The output should contain the listing word for word and no pictures.

.....

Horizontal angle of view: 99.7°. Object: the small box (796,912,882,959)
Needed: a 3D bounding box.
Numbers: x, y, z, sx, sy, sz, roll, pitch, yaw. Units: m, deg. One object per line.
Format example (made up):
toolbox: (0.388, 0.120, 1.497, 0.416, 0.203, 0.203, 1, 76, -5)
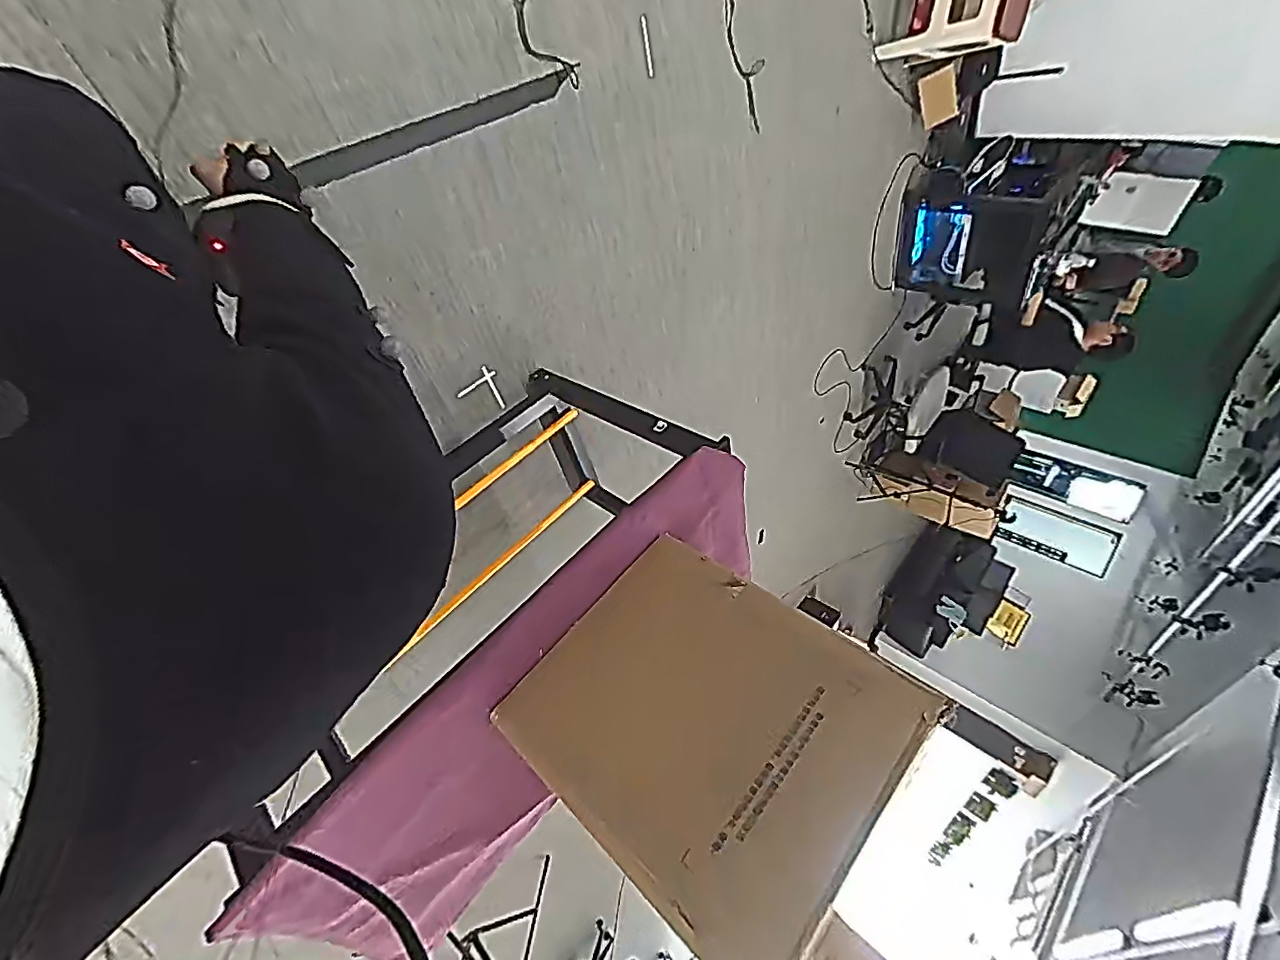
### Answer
small box: (0.330, 0.847, 0.871, 0.168, 0.176, 0.179, -43, 140, -26)
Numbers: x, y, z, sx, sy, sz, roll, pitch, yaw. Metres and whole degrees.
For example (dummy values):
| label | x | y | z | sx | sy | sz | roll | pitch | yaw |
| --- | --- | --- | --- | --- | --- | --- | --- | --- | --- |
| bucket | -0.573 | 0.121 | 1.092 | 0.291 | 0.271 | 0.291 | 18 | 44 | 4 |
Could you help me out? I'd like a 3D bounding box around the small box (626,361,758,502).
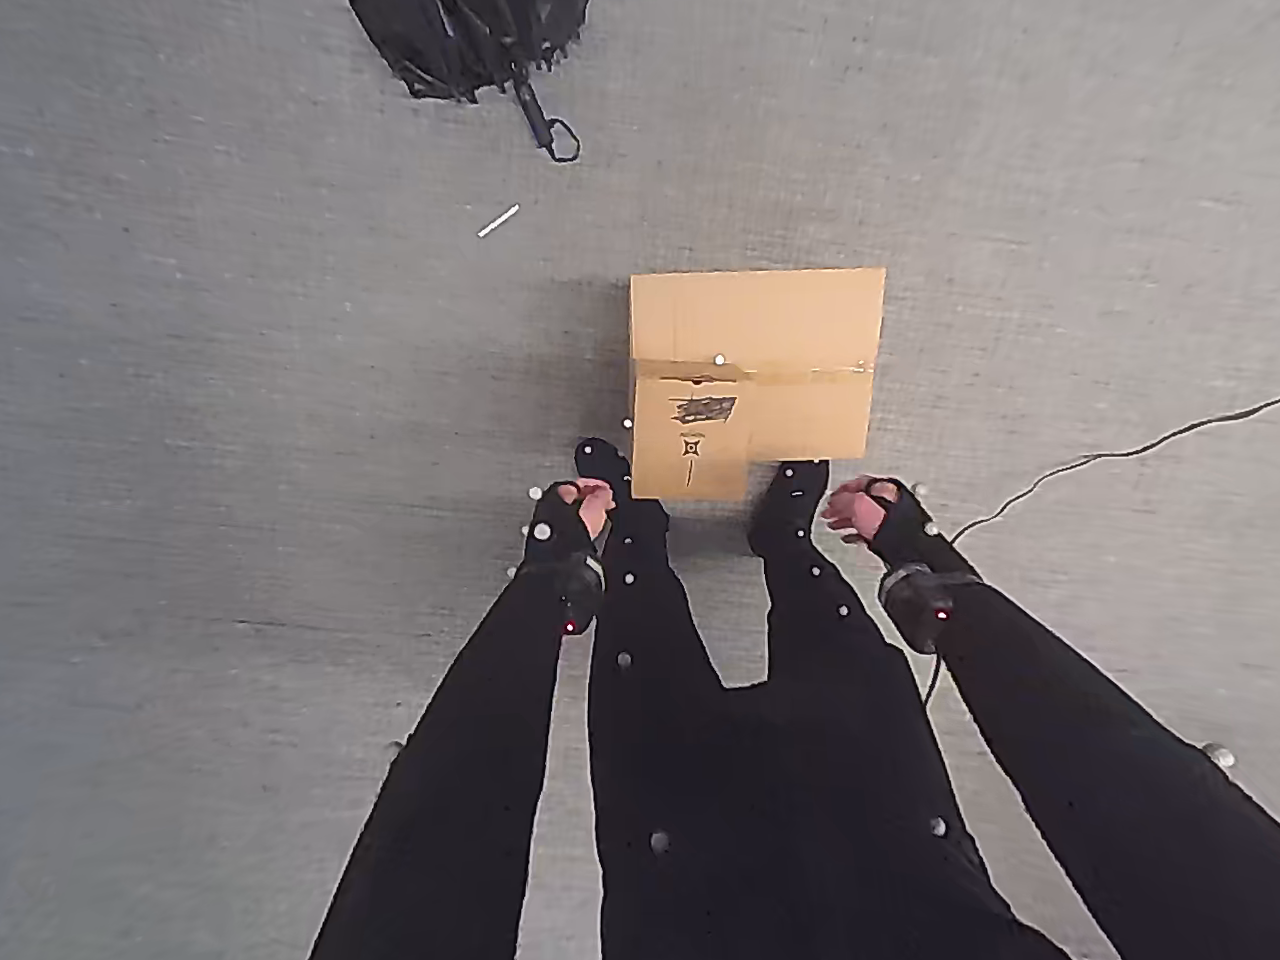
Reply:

.....

**Written response:**
Horizontal angle of view: 99.7°. Object: the small box (796,912,882,959)
Needed: a 3D bounding box.
Numbers: x, y, z, sx, sy, sz, roll, pitch, yaw. Units: m, deg. One object per line.
Format example (made up):
toolbox: (0.388, 0.120, 1.497, 0.416, 0.203, 0.203, 1, 76, -5)
### Answer
small box: (0.330, 0.847, 0.871, 0.168, 0.176, 0.179, -43, 140, -26)
Numbers: x, y, z, sx, sy, sz, roll, pitch, yaw. Metres and whole degrees.
For example (dummy values):
| label | x | y | z | sx | sy | sz | roll | pitch | yaw |
| --- | --- | --- | --- | --- | --- | --- | --- | --- | --- |
| bucket | -0.573 | 0.121 | 1.092 | 0.291 | 0.271 | 0.291 | 18 | 44 | 4 |
Could you help me out? I'd like a 3D bounding box around the small box (626,361,758,502).
Reply:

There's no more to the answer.